Indian trade delegation to Iran may ruffle feathers in US

Indian trade delegation to Iran may ruffle feathers in US

Indian trade delegation to Iran may ruffle feathers in US

India's announcement of sending a huge trade delegation to Iran may put the Indo-US ties under strain at a time when Washington is seeking international cooperation to put maximum economic pressure on Tehran to give up its nuclear programme.

Friends of India at the Capitol Hill termed the recent announcement by Commerce Secretary, Rahul Khullar as 'damaging' to the US-India relationship, with one of them describing it as a "provocative" statement coming in the immediate aftermath of Foreign Secretary Ranjan Mathai's Washington visit.

Mathai did a lot of explaining over India's position on Iran and the reasons for it continuing to buy oil from Iran during its recent visit to Washington.

It is understood that US officials yesterday cautioned India that it would be subject to American sanctions if New Delhi was seen in any way trying to bail out Iran from the tough economic situation it is in following the series of US-led international sanctions.

However, it said that bilateral trade items like food would not attract any sanctions.

"We have seen reports that an Indian official announced yesterday that India intend to increase commercial exports to Iran. Our goal is to reduce revenues that fuel Iran's nuclear activities, not curtail foodstuffs or humanitarian items for the Iranian people," a State Department spokesperson told PTI.

"The Iranian regime has a long history of deceptive business practices and we caution all countries against any interactions with Iranian institutions that could trigger sanctions or be misused by the regime," the official said in response to a question.

On Thursday, Khullar told media in New Delhi that "a huge delegation" would be going to Tehran at the end of the month to promote India's export to Iran.

The New York Times reported this item with the headline "India Explores Economic Opportunities in Iran, Denting Western Sanctions Plan".

"India emerged as a major new irritant on Thursday in Western efforts to isolate Iran, announcing that it was sending a large trade delegation there within weeks to exploit opportunities created by the American and European antinuclear sanctions that are increasingly disrupting Iran's economy," the daily said.

"A lot of damage is being done here by incoherent messaging coming from India," a Congressional aide said referring to Khullar's statement and the arguments being put forth by Mathai at the Capitol Hill early this week during his meetings with US lawmakers.
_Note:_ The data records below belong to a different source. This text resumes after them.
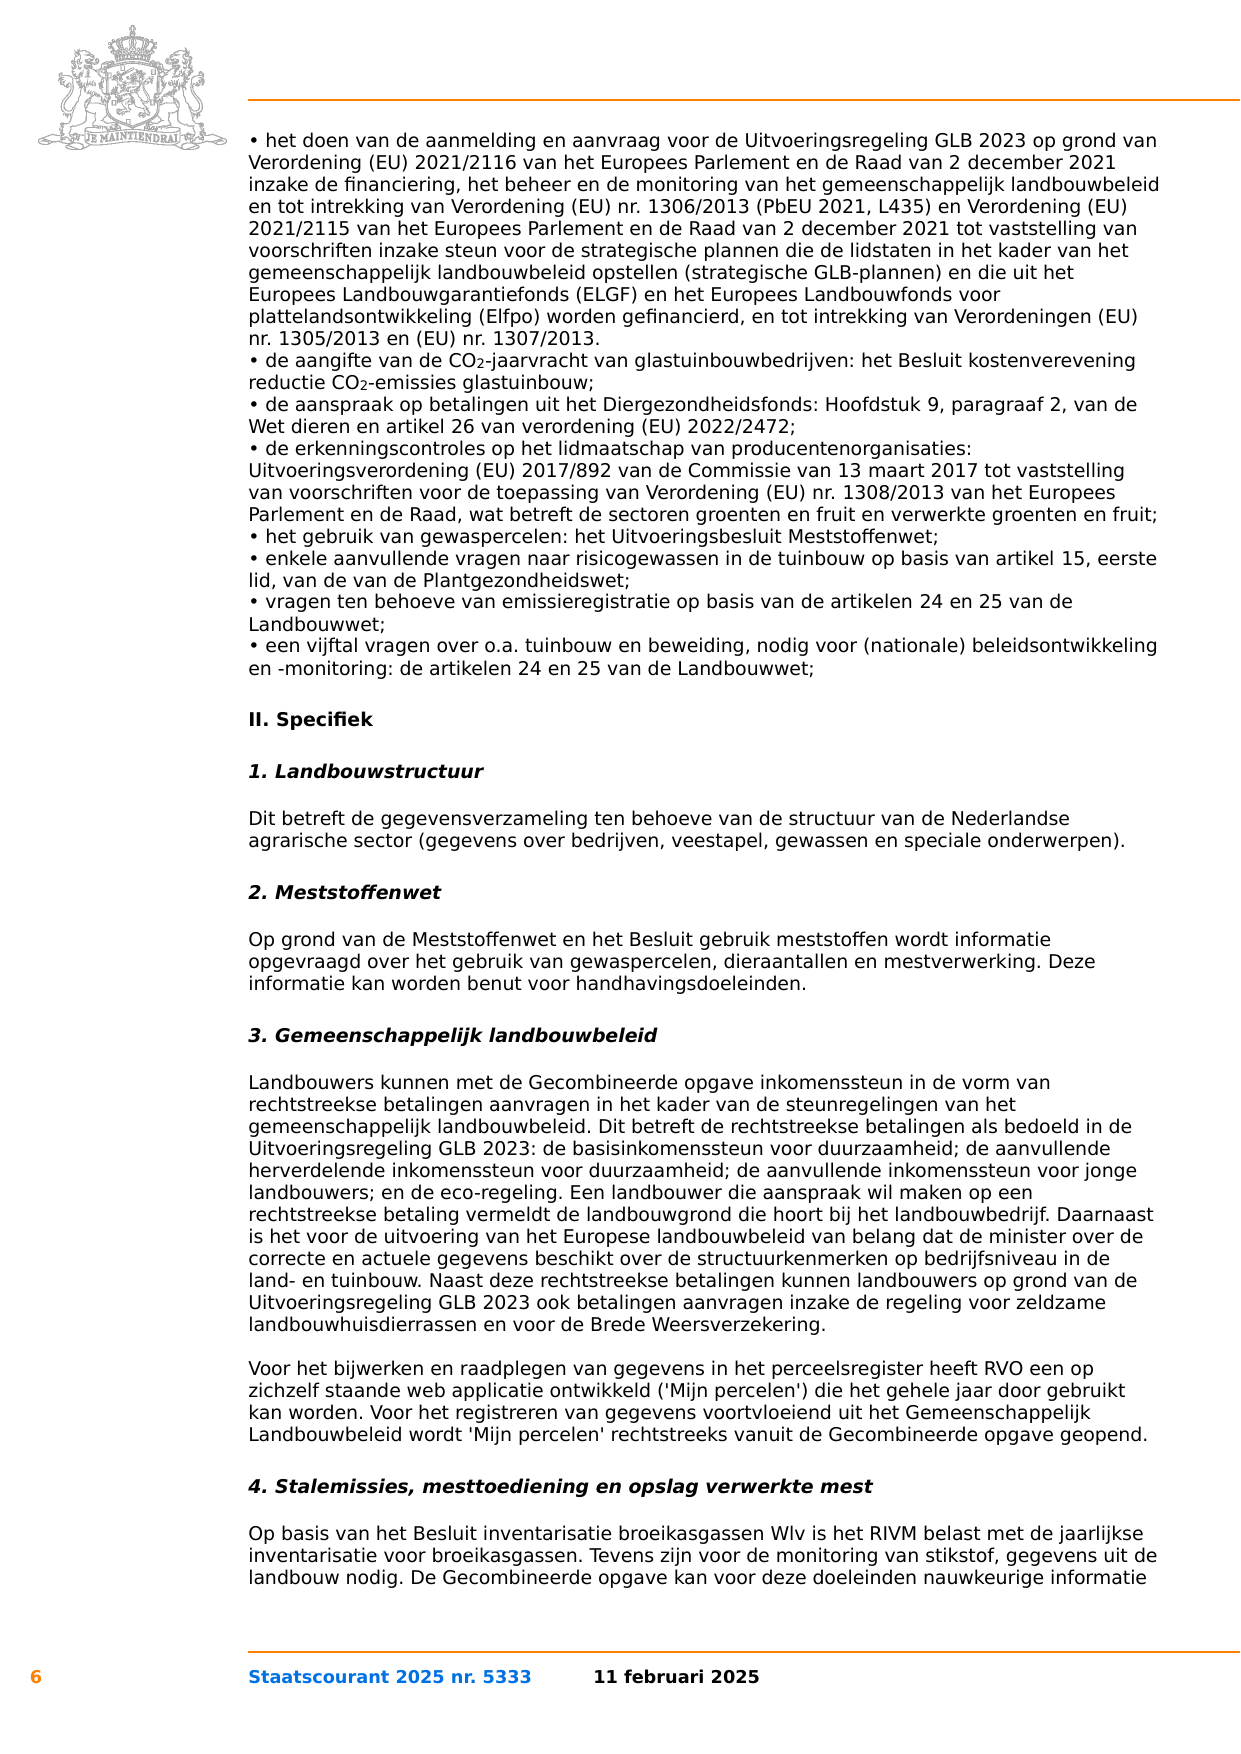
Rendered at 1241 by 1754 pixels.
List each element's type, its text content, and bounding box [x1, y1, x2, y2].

text • de aangifte van de CO2-jaarvracht van glastuinbouwbedrijven: het Besluit kostenverevening reductie CO2-emissies glastuinbouw; [248, 350, 1163, 394]
subtitle II. Specifiek [248, 709, 1163, 731]
text • het doen van de aanmelding en aanvraag voor de Uitvoeringsregeling GLB 2023 op grond van Verordening (EU) 2021/2116 van het Europees Parlement en de Raad van 2 december 2021 inzake de financiering, het beheer en de monitoring van het gemeenschappelijk landbouwbeleid en tot intrekking van Verordening (EU) nr. 1306/2013 (PbEU 2021, L435) en Verordening (EU) 2021/2115 van het Europees Parlement en de Raad van 2 december 2021 tot vaststelling van voorschriften inzake steun voor de strategische plannen die de lidstaten in het kader van het gemeenschappelijk landbouwbeleid opstellen (strategische GLB-plannen) en die uit het Europees Landbouwgarantiefonds (ELGF) en het Europees Landbouwfonds voor plattelandsontwikkeling (Elfpo) worden gefinancierd, en tot intrekking van Verordeningen (EU) nr. 1305/2013 en (EU) nr. 1307/2013. [248, 130, 1163, 350]
text Landbouwers kunnen met de Gecombineerde opgave inkomenssteun in de vorm van rechtstreekse betalingen aanvragen in het kader van de steunregelingen van het gemeenschappelijk landbouwbeleid. Dit betreft de rechtstreekse betalingen als bedoeld in de Uitvoeringsregeling GLB 2023: de basisinkomenssteun voor duurzaamheid; de aanvullende herverdelende inkomenssteun voor duurzaamheid; de aanvullende inkomenssteun voor jonge landbouwers; en de eco-regeling. Een landbouwer die aanspraak wil maken op een rechtstreekse betaling vermeldt de landbouwgrond die hoort bij het landbouwbedrijf. Daarnaast is het voor de uitvoering van het Europese landbouwbeleid van belang dat de minister over de correcte en actuele gegevens beschikt over de structuurkenmerken op bedrijfsniveau in de land- en tuinbouw. Naast deze rechtstreekse betalingen kunnen landbouwers op grond van de Uitvoeringsregeling GLB 2023 ook betalingen aanvragen inzake de regeling voor zeldzame landbouwhuisdierrassen en voor de Brede Weersverzekering. [248, 1072, 1163, 1336]
text • een vijftal vragen over o.a. tuinbouw en beweiding, nodig voor (nationale) beleidsontwikkeling en -monitoring: de artikelen 24 en 25 van de Landbouwwet; [248, 635, 1163, 679]
text Op grond van de Meststoffenwet en het Besluit gebruik meststoffen wordt informatie opgevraagd over het gebruik van gewaspercelen, dieraantallen en mestverwerking. Deze informatie kan worden benut voor handhavingsdoeleinden. [248, 929, 1163, 995]
text • enkele aanvullende vragen naar risicogewassen in de tuinbouw op basis van artikel 15, eerste lid, van de van de Plantgezondheidswet; [248, 547, 1163, 591]
subtitle 3. Gemeenschappelijk landbouwbeleid [248, 1025, 1163, 1047]
picture [38, 25, 227, 150]
text • het gebruik van gewaspercelen: het Uitvoeringsbesluit Meststoffenwet; [248, 526, 1163, 547]
text • vragen ten behoeve van emissieregistratie op basis van de artikelen 24 en 25 van de Landbouwwet; [248, 591, 1163, 635]
text Voor het bijwerken en raadplegen van gegevens in het perceelsregister heeft RVO een op zichzelf staande web applicatie ontwikkeld ('Mijn percelen') die het gehele jaar door gebruikt kan worden. Voor het registreren van gegevens voortvloeiend uit het Gemeenschappelijk Landbouwbeleid wordt 'Mijn percelen' rechtstreeks vanuit de Gecombineerde opgave geopend. [248, 1358, 1163, 1446]
text Op basis van het Besluit inventarisatie broeikasgassen Wlv is het RIVM belast met de jaarlijkse inventarisatie voor broeikasgassen. Tevens zijn voor de monitoring van stikstof, gegevens uit de landbouw nodig. De Gecombineerde opgave kan voor deze doeleinden nauwkeurige informatie [248, 1523, 1163, 1589]
subtitle 2. Meststoffenwet [248, 882, 1163, 904]
text • de erkenningscontroles op het lidmaatschap van producentenorganisaties: Uitvoeringsverordening (EU) 2017/892 van de Commissie van 13 maart 2017 tot vaststelling van voorschriften voor de toepassing van Verordening (EU) nr. 1308/2013 van het Europees Parlement en de Raad, wat betreft de sectoren groenten en fruit en verwerkte groenten en fruit; [248, 438, 1163, 526]
text Dit betreft de gegevensverzameling ten behoeve van de structuur van de Nederlandse agrarische sector (gegevens over bedrijven, veestapel, gewassen en speciale onderwerpen). [248, 808, 1163, 852]
subtitle 1. Landbouwstructuur [248, 761, 1163, 783]
text • de aanspraak op betalingen uit het Diergezondheidsfonds: Hoofdstuk 9, paragraaf 2, van de Wet dieren en artikel 26 van verordening (EU) 2022/2472; [248, 394, 1163, 438]
subtitle 4. Stalemissies, mesttoediening en opslag verwerkte mest [248, 1476, 1163, 1498]
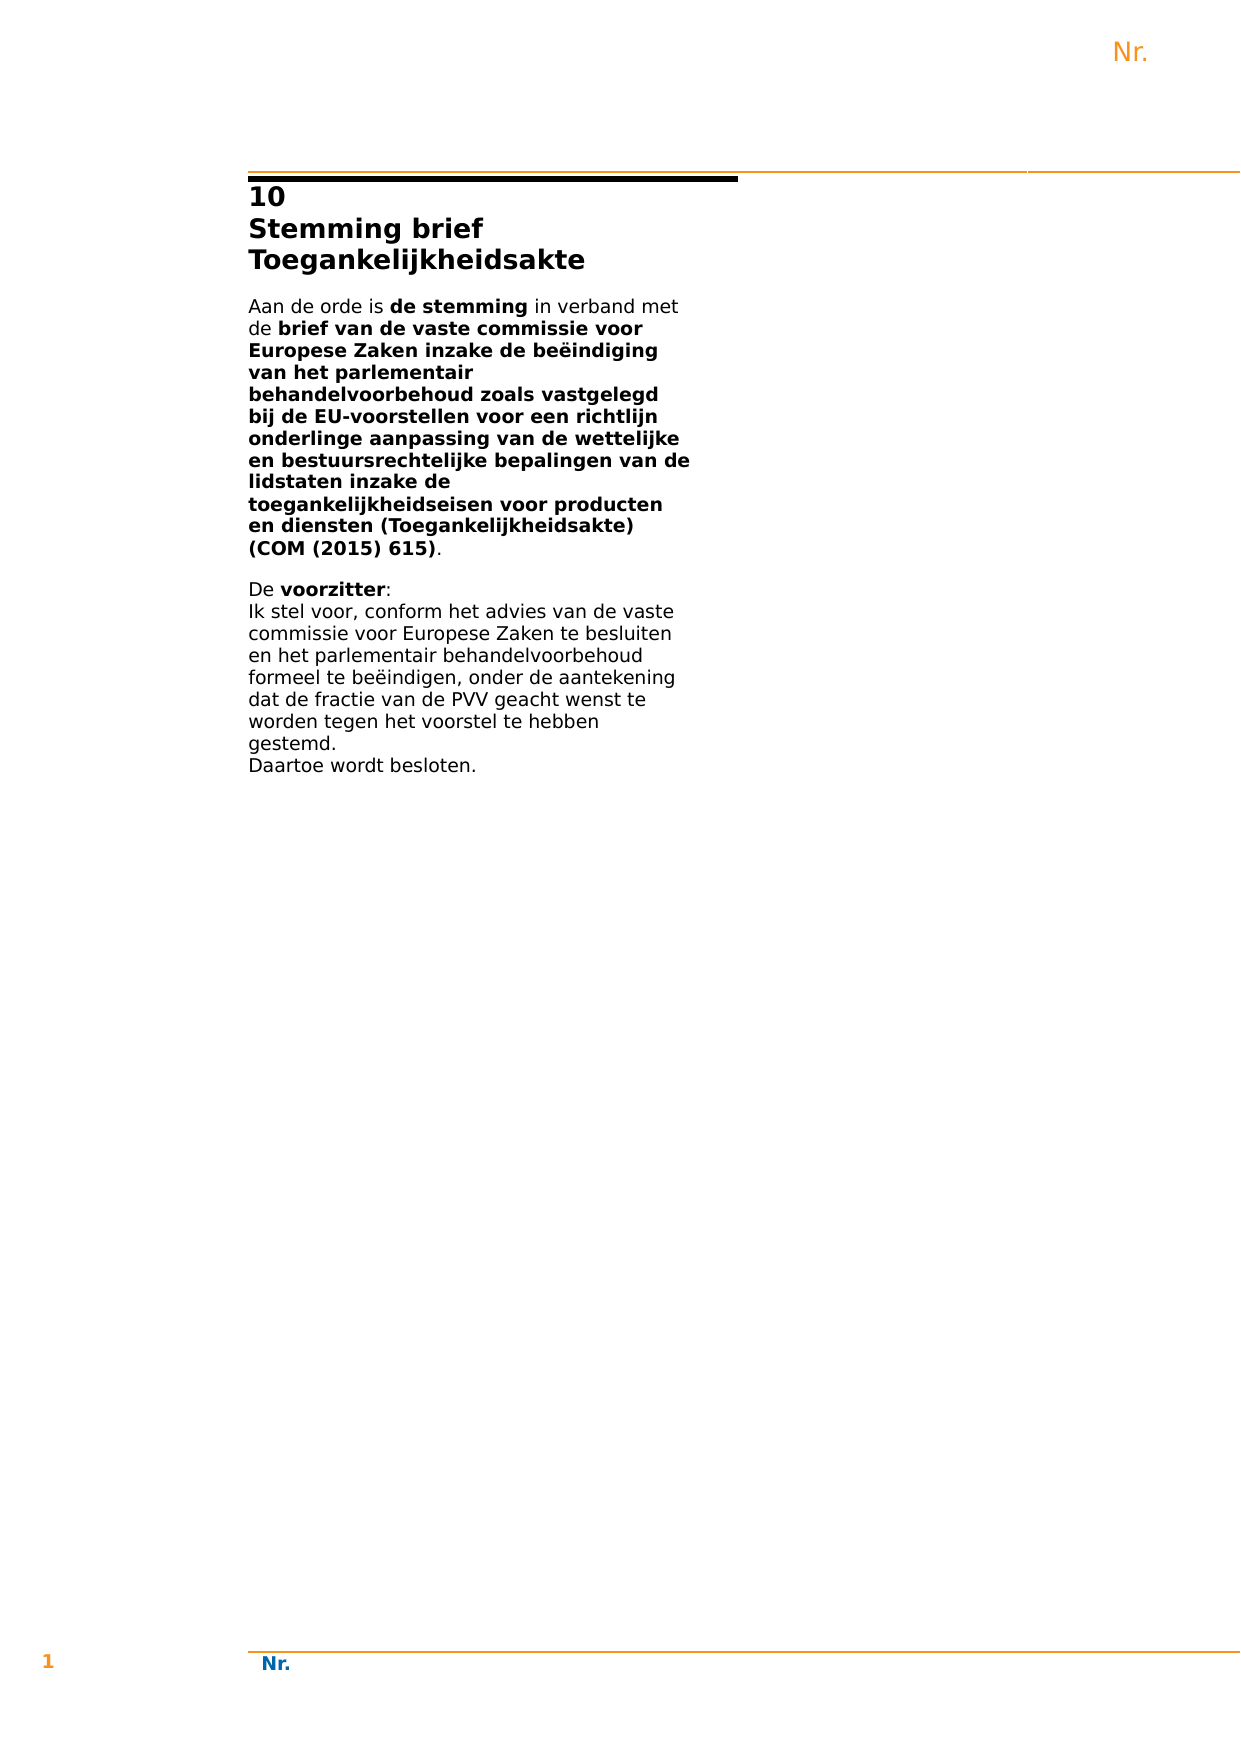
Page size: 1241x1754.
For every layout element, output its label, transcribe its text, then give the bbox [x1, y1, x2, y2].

text Daartoe wordt besloten. [248, 755, 691, 777]
title 10 Stemming brief Toegankelijkheidsakte [248, 182, 691, 276]
text Ik stel voor, conform het advies van de vaste commissie voor Europese Zaken te besluiten en het parlementair behandelvoorbehoud formeel te beëindigen, onder de aantekening dat de fractie van de PVV geacht wenst te worden tegen het voorstel te hebben gestemd. [248, 601, 691, 755]
text De voorzitter: [248, 579, 691, 601]
text Aan de orde is de stemming in verband met de brief van de vaste commissie voor Europese Zaken inzake de beëindiging van het parlementair behandelvoorbehoud zoals vastgelegd bij de EU-voorstellen voor een richtlijn onderlinge aanpassing van de wettelijke en bestuursrechtelijke bepalingen van de lidstaten inzake de toegankelijkheidseisen voor producten en diensten (Toegankelijkheidsakte) (COM (2015) 615). [248, 296, 691, 559]

Officials here said following Mathai's visit, there was some understanding on India's compulsions on its trade relationship with Iran and the necessity to buy oil.

Mathai's argument that India needs to have a good friendly relationship with Iran so as to continue its developmental work in Afghanistan, which is being appreciated by the US, was taken positively by the lawmakers.

However, The New York Times article suggested that India is rushing in to to fill the vacuum being left by others, and is working towards "undermining US effort" which the Congressional sources said has made many lawmakers furious, even though it could not be the case in reality.

In fact, India is looking at various mechanisms – rupee payment, increasing export -- to pay for its oil import.

What has made lawmakers and policymakers upset is that the latest statements from New Delhi tend to send the message that India does not care for the US.

"Then it becomes unnecessarily provocative here," sources said.

"Friends of India in the Administration or on the Capitol Hill find it difficult to stand up for India," another source said.

"Commerce Secretary's words seem to have undone the impact of the Foreign Secretary's visit and his argument on Iran here," a Congressional source said.

"Indian Foreign Secretary Mathai's visit to Washington earlier this week was an opportunity to continue our conversations with India about Iran. Those conversations continue, both in Delhi and Washington," the State Department official said without going into the details of the nature and content of the conversation.

The official said the US continues to have a dialogue with India on the implications and intent of the Iran sanctions provisions in the National Defense Authorisation Act, 2012 (NDAA).

"India continues to be a valued partner in our common objective of preventing Iran from acquiring a nuclear weapon," the official said.

The United States welcomes the EU-India joint statement calling for Iran to take "constructive and immediate steps to meet its obligations to the IAEA and the UN Security Council," the official said.